Data records
::::::::

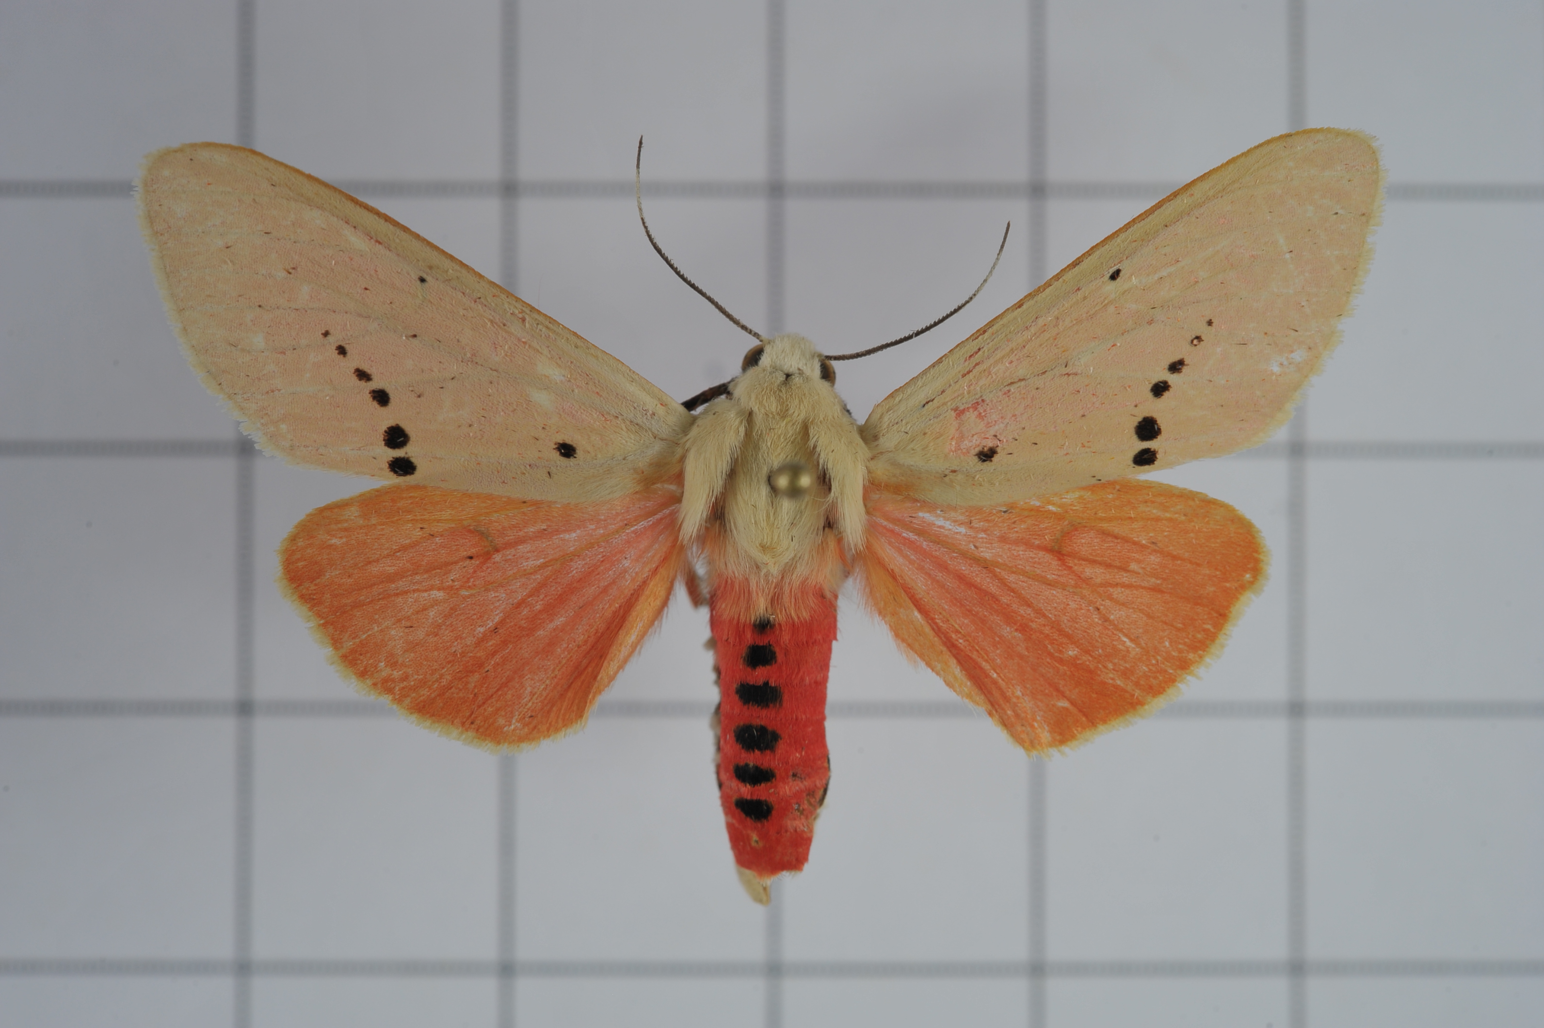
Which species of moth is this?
Spilarctia subcarnea
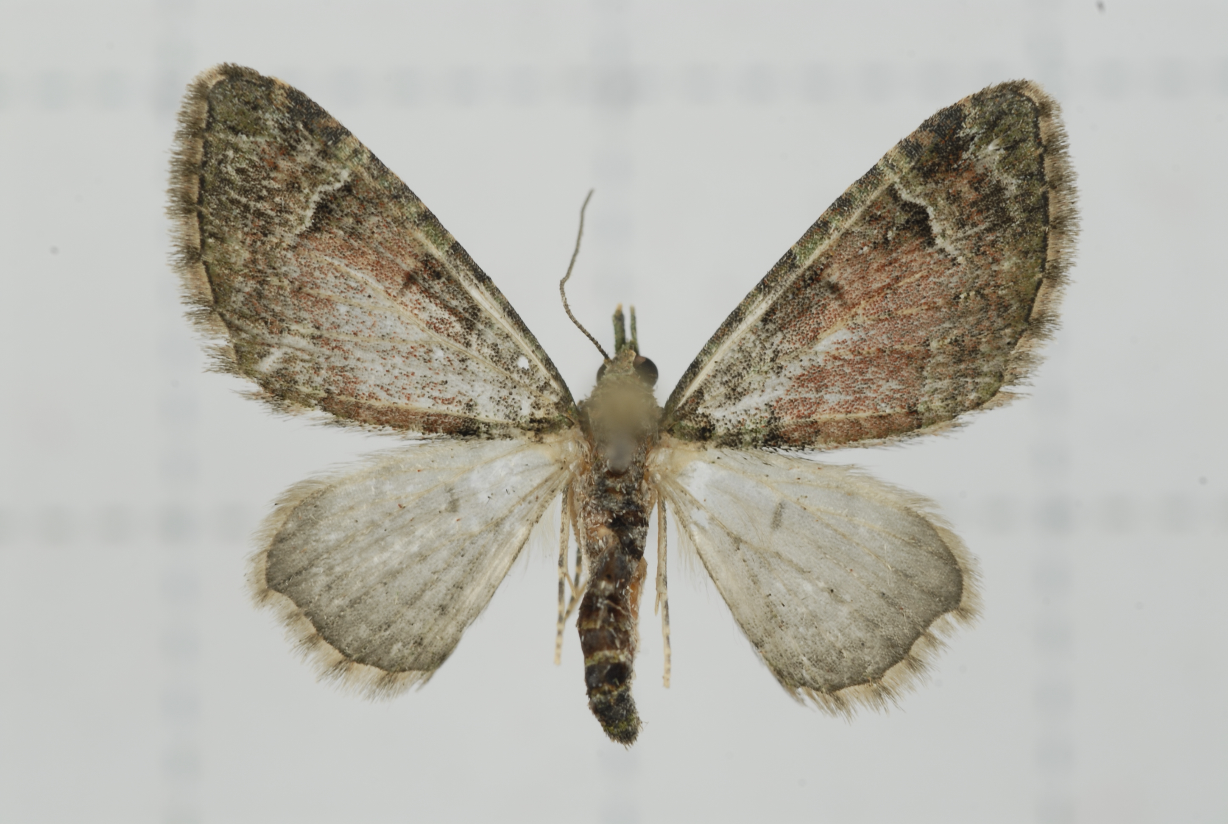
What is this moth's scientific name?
Syncosmia bicornuta bicornuta
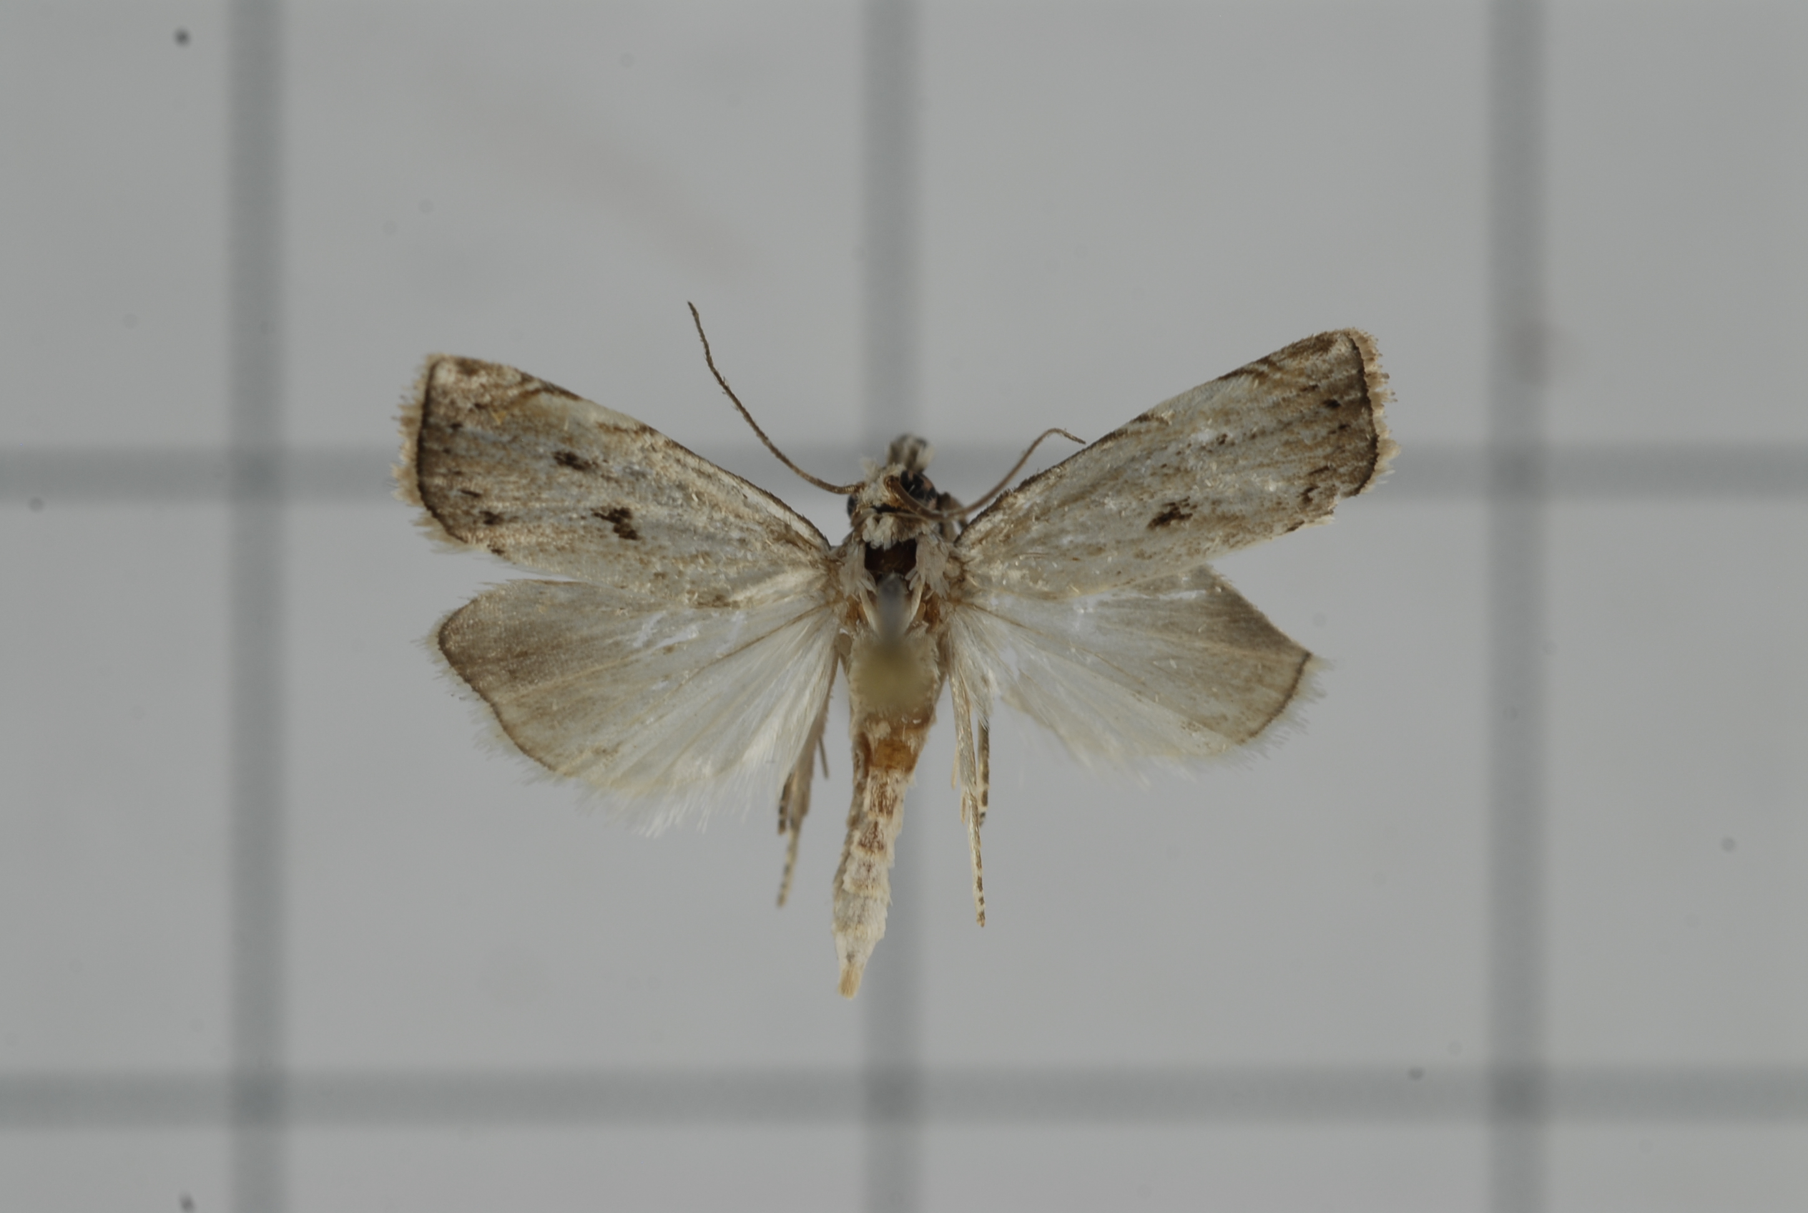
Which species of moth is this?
Pseudocatharylla duplicellus
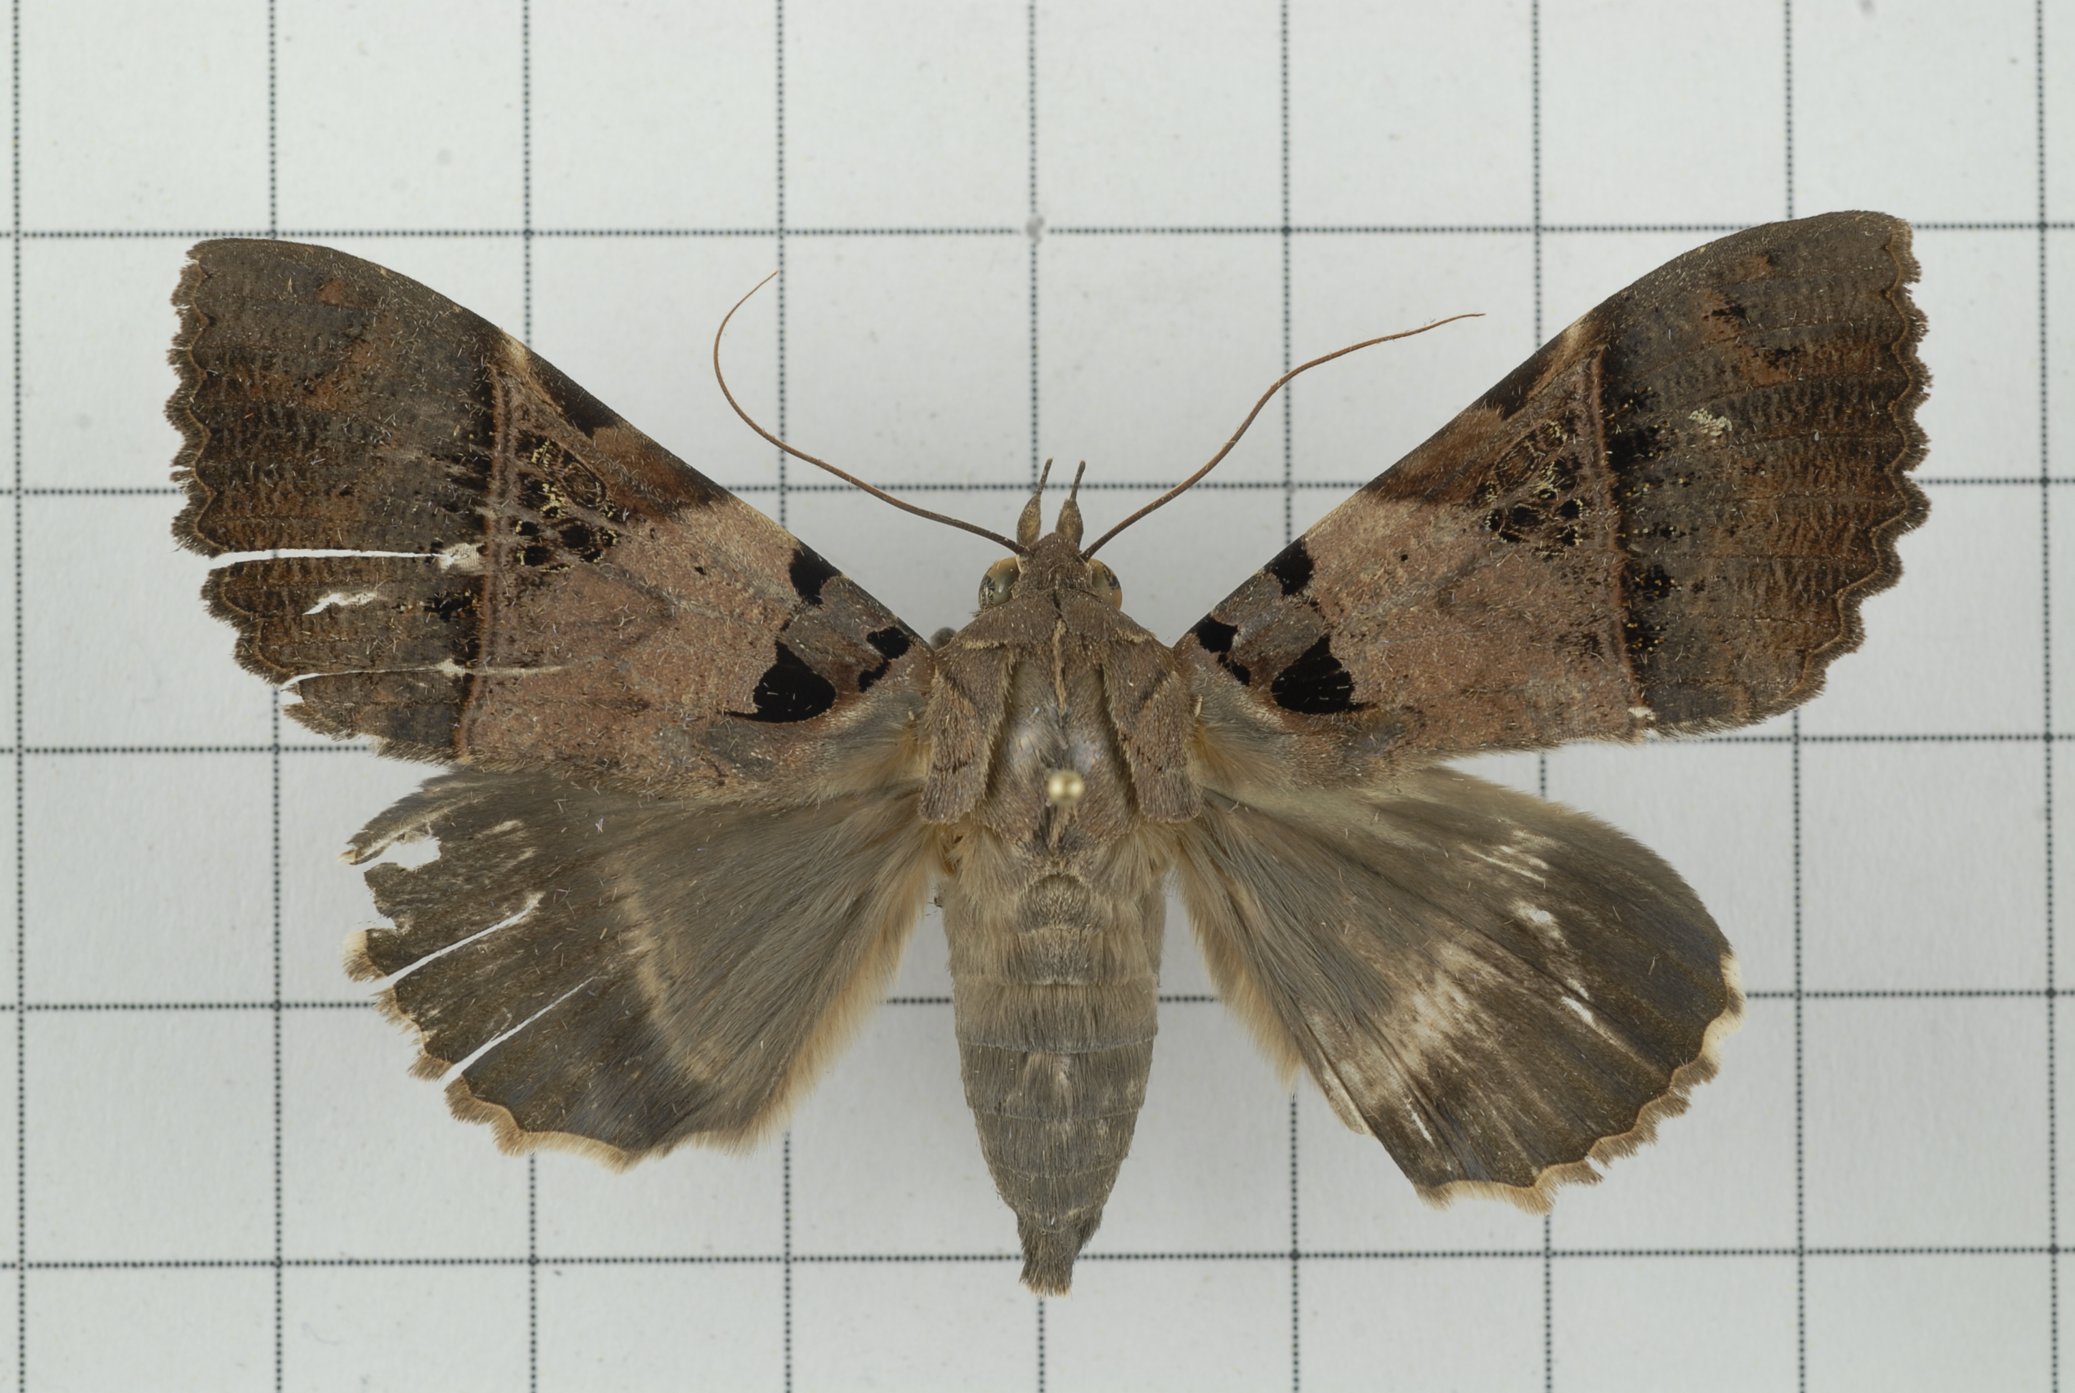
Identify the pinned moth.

::::::::

§ **EXERCISE BRIEF**:
Your answer must be every record above, word for word, with no pictures.

§ **ANSWER FOR THIS EXERCISE**:
Which species of moth is this?
Spilarctia subcarnea
What is this moth's scientific name?
Syncosmia bicornuta bicornuta
Which species of moth is this?
Pseudocatharylla duplicellus
Identify the pinned moth.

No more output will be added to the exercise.